Football hooligans want to ban women from ‘sacred place’ in Rome stadium

A group of hooligans supporting the Lazio football club in Italy have come under fire for declaring certain seating spots in Rome’s Olympic Stadium off-limits to female fans.

Leaflets announcing the ban on “Women, Wives and Girlfriends” were circulated on Saturday ahead of the match between Lazio and Napoli, the first of the new season.

The message refers to the Curva Nord, which is the area behind the goalpost on the northern side of the stadium—traditionally seen as the spot for the most hardcore supporters, as a “sacred place” akin to “military trenches.”

 

Lazio supporters during the serie A match between SS Lazio and FC Internazionale at Stadio Olimpico on May 20, 2018 in Rome, Italy (Marco Rosi/Getty)

“The North represent a sacred place for us. An environment with unwritten rules to be followed. We have always experienced the first rows as a military trench.

“Within it, we do not allow Women, Wives and Girlfriends, so we invite them to sit from the tenth row onwards.

“Whomever chooses the stadium as an alternative to a carefree and romantic day at Villa Borghese, go to different sections,” the message read, bearing the signature “Diabolik Pluto Directive,” an apparent reference to the leader of Lazio’s “Irriducibili” hooligan group.
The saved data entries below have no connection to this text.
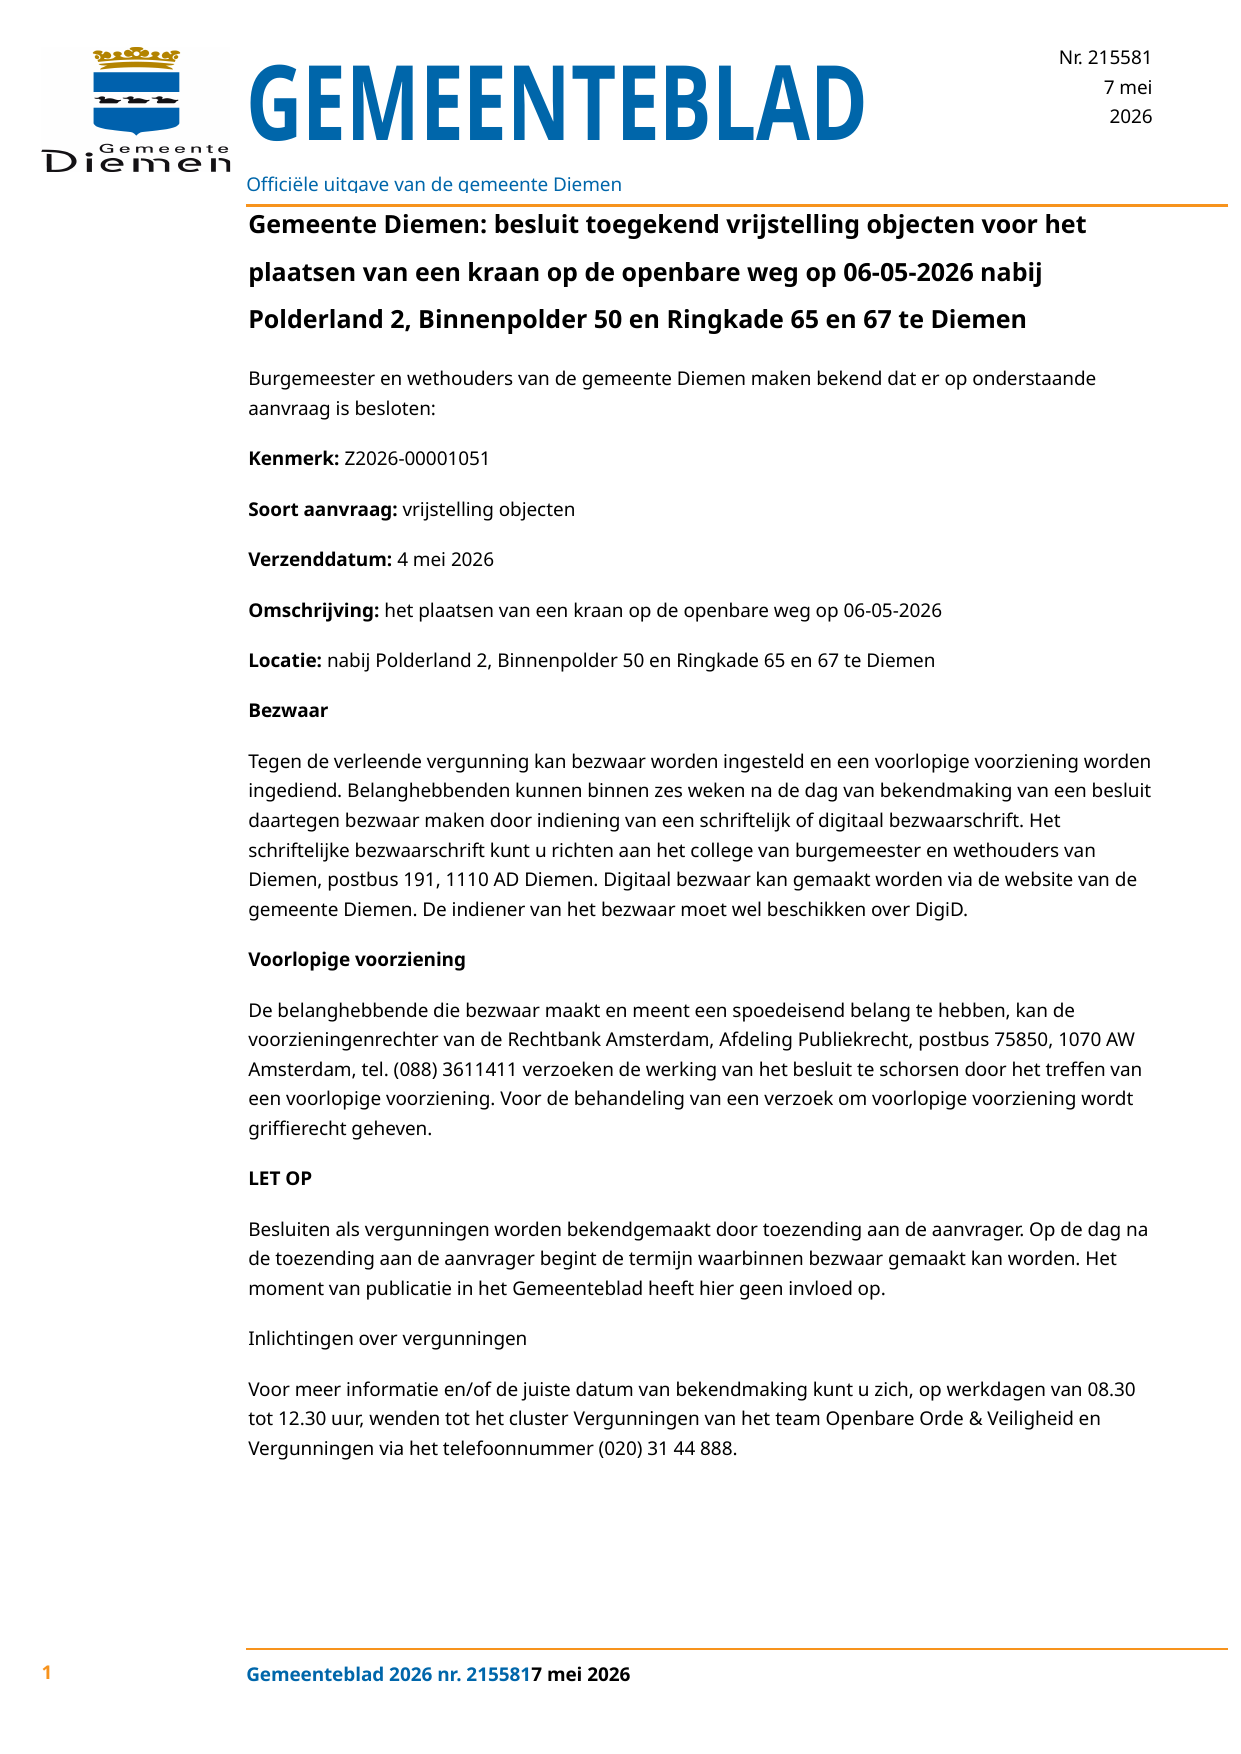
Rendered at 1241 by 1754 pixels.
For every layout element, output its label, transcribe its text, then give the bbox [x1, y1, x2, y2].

text Inlichtingen over vergunningen [248, 1326, 1152, 1351]
text Voorlopige voorziening [248, 946, 1152, 972]
text LET OP [248, 1166, 1152, 1191]
text Bezwaar [248, 698, 1152, 723]
text Kenmerk: Z2026-00001051 [248, 446, 1152, 471]
text Gemeente Diemen: besluit toegekend vrijstelling objecten voor het plaatsen van een kraan op de openbare weg op 06-05-2026 nabij Polderland 2, Binnenpolder 50 en Ringkade 65 en 67 te Diemen [248, 207, 1152, 336]
text Omschrijving: het plaatsen van een kraan op de openbare weg op 06-05-2026 [248, 597, 1152, 622]
text Locatie: nabij Polderland 2, Binnenpolder 50 en Ringkade 65 en 67 te Diemen [248, 647, 1152, 673]
text Tegen de verleende vergunning kan bezwaar worden ingesteld en een voorlopige voorziening worden ingediend. Belanghebbenden kunnen binnen zes weken na de dag van bekendmaking van een besluit daartegen bezwaar maken door indiening van een schriftelijk of digitaal bezwaarschrift. Het schriftelijke bezwaarschrift kunt u richten aan het college van burgemeester en wethouders van Diemen, postbus 191, 1110 AD Diemen. Digitaal bezwaar kan gemaakt worden via de website van de gemeente Diemen. De indiener van het bezwaar moet wel beschikken over DigiD. [248, 748, 1152, 922]
picture [41, 47, 231, 172]
text Voor meer informatie en/of de juiste datum van bekendmaking kunt u zich, op werkdagen van 08.30 tot 12.30 uur, wenden tot het cluster Vergunningen van het team Openbare Orde & Veiligheid en Vergunningen via het telefoonnummer (020) 31 44 888. [248, 1376, 1152, 1461]
text Burgemeester en wethouders van de gemeente Diemen maken bekend dat er op onderstaande aanvraag is besloten: [248, 366, 1152, 421]
text Besluiten als vergunningen worden bekendgemaakt door toezending aan de aanvrager. Op de dag na de toezending aan de aanvrager begint de termijn waarbinnen bezwaar gemaakt kan worden. Het moment van publicatie in het Gemeenteblad heeft hier geen invloed op. [248, 1216, 1152, 1301]
text Verzenddatum: 4 mei 2026 [248, 546, 1152, 572]
text De belanghebbende die bezwaar maakt en meent een spoedeisend belang te hebben, kan de voorzieningenrechter van de Rechtbank Amsterdam, Afdeling Publiekrecht, postbus 75850, 1070 AW Amsterdam, tel. (088) 3611411 verzoeken de werking van het besluit te schorsen door het treffen van een voorlopige voorziening. Voor de behandeling van een verzoek om voorlopige voorziening wordt griffierecht geheven. [248, 997, 1152, 1141]
text Soort aanvraag: vrijstelling objecten [248, 496, 1152, 522]
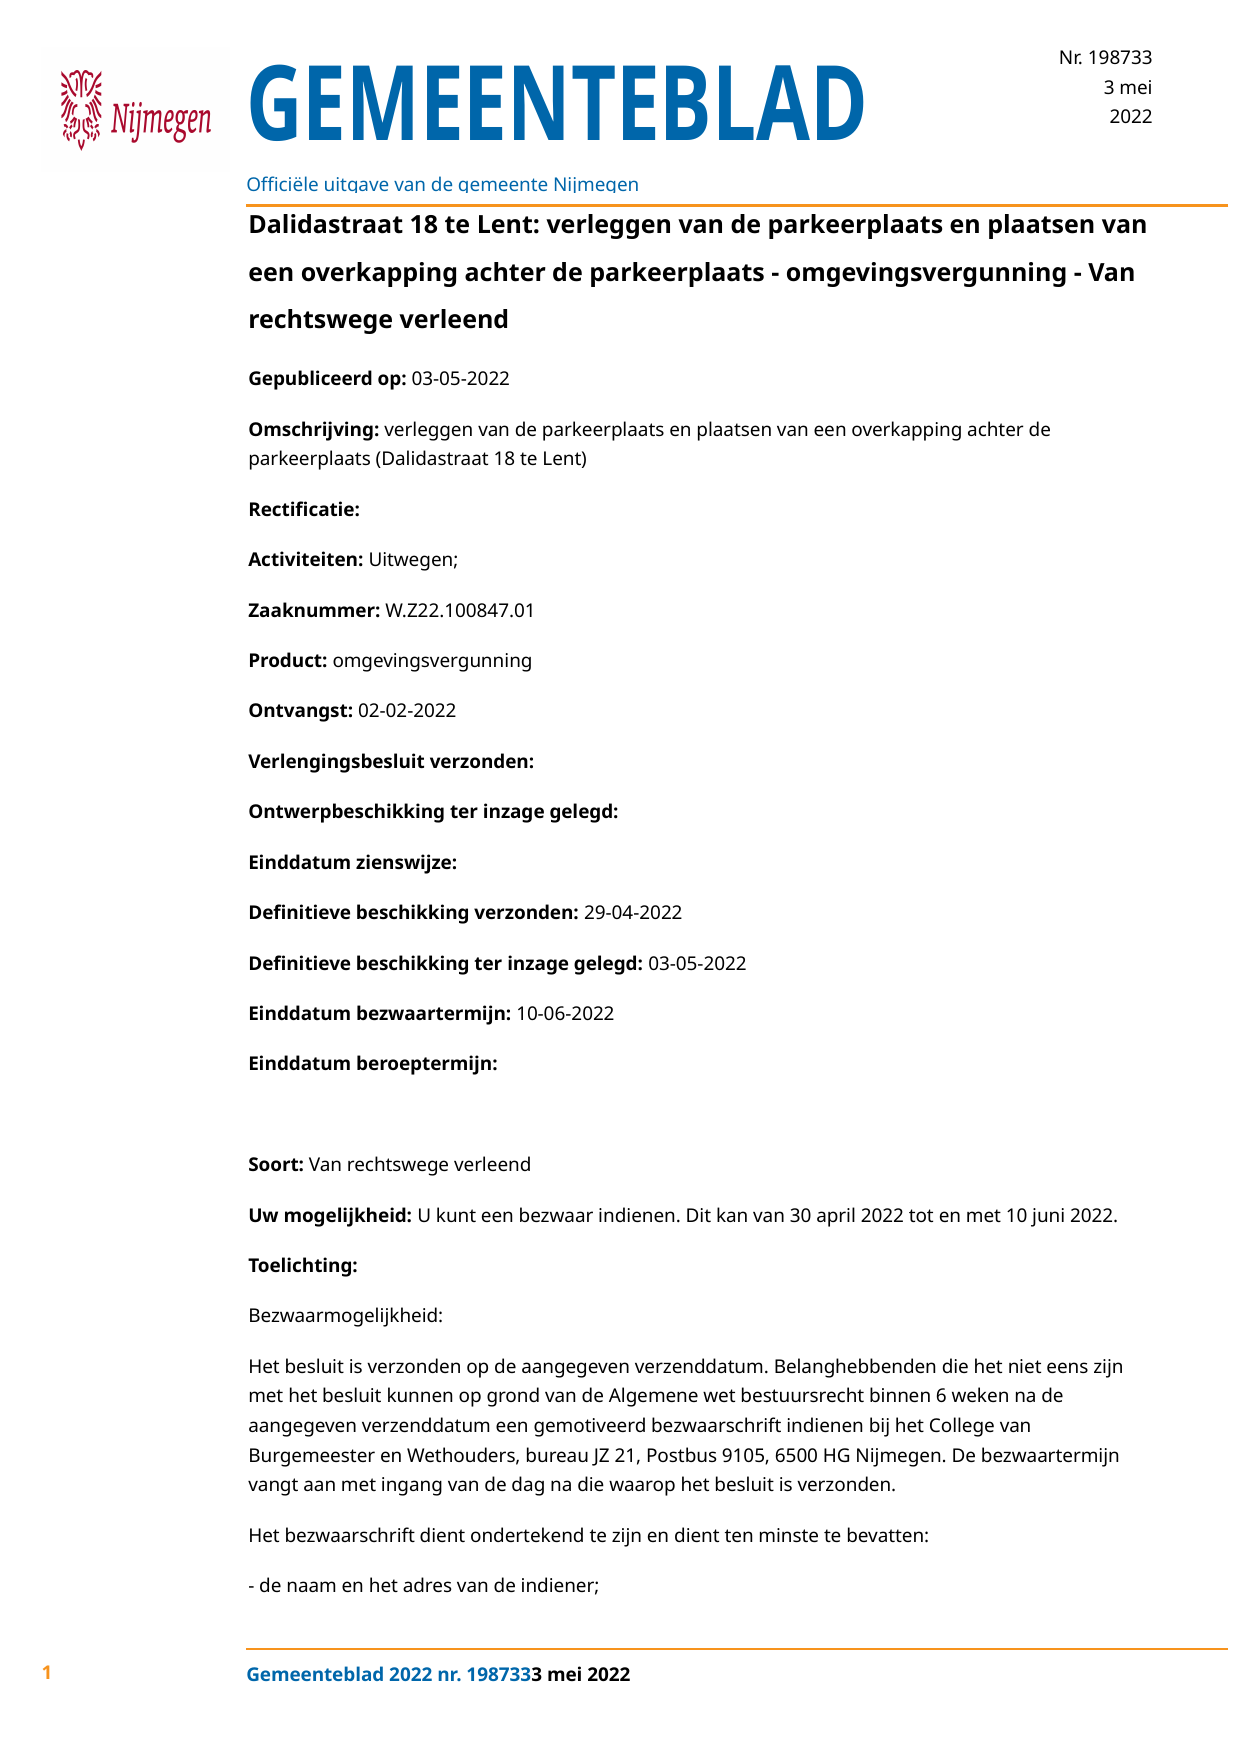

The “Irriducibili” group is infamous for displaying racist and anti-Semitic attitudes and behaviour. It has recently come under fire for using images of Holocaust victim Anne Frank as an insult against rival city team Roma.

They have repeatedly been banned from the Curva Nord due to singing racist chants during matches.

 


Pictures of the leaflets were shared on social media, among mixed, but mostly baffled, reactions.

“I can’t conceive of these things. In 2018,” writer Marco Corsini, who regularly reports on the Lazio football team, wrote sharing an image of the leaflet on Twitter.

Several women commented on how the ban denoted attitudes recalling the Middle Ages or prehistoric times.

Lazio fans celebrate during the Serie A match between SS Lazio and FC Internazionale at Stadio Olimpico on May 20, 2018 in Rome, Italy (Paolo Bruno/Getty)

“We live in the Middle Ages. I can no longer tolerate these things, they are not justifiable,” Carolina Morace, the coach of the Italian women’s national football team and a former player who played and managed the Lazio women’s football team among others in her career, told newspaper Gazzetta dello Sport.

Morace’s team recently qualified for the 2019 Women’s World Cup, the first time the Italians will participate in 20 years.

Their male counterparts failed to quality for the 2018 Russia World Cup.